The clothing had long since rotted away.

  It was a male this time; Harvey would certainly have pointed out the overhanging brow ridge, the sturdy mastoid processes, and the rectangular orbits of the skull. And through a net of straw-colored root tendrils, much of the pelvis could be seen. That too was distinctively masculine. Gideon didn't have to apply the anthropologist's literal rule of thumb for the greater sciatic notch—(stick your thumb in it; if there's room to wiggle it, it's female; if not, it's male)—to see that there was hardly room for a pinky, let alone a thumb. Besides, a disc of obsidian gleamed darkly in the dark tangle beneath the skull, and it was the stern Bishop Landa himself who had noted disapprovingly that “the men, and not the women, wear mirrors in their hair."
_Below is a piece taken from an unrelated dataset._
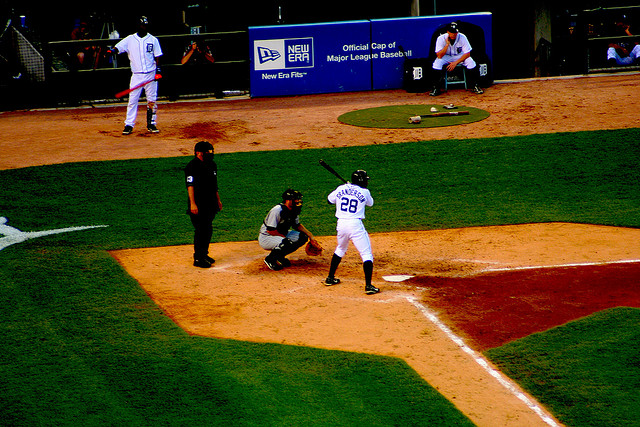<image>What is the website on the board? I am not sure what the website on the board is, it could be 'new era', 'mlbcom' or there might be no website at all. What is the website on the board? I don't know the website on the board. It can be 'new era' or 'mlbcom'.

  It seemed to be a man of middle age. Too early yet to come up with anything precise, but the cranial sutures were almost obliterated except for a few spots on the Iambdoid, so he had probably been in his forties anyway, an estimate supported by the carious, deeply worn brown teeth. (The Maya had lived on stone-ground corn—which meant that they consumed a lot of corn-ground stone as well—and the result was molars that were often eroded to raw little stumps by the time they were thirty. Anyone who thought that dental cavities had come in with refined sugar had never seen an early American Indian skull.)

  He took half-a-dozen flash pictures with the Minolta single-lens reflex and made a quick sketch. Then he turned the skull to see the face better, cringing a little at the sight of the snaky, freshly severed roots bursting from the eye sockets, as in an edifying carving on a medieval coffin. The struggling roots had first pried the bones in and around the sockets apart, then gripped them firmly where they were, so that the face of the skull seemed out of focus, with some parts of it closer than others.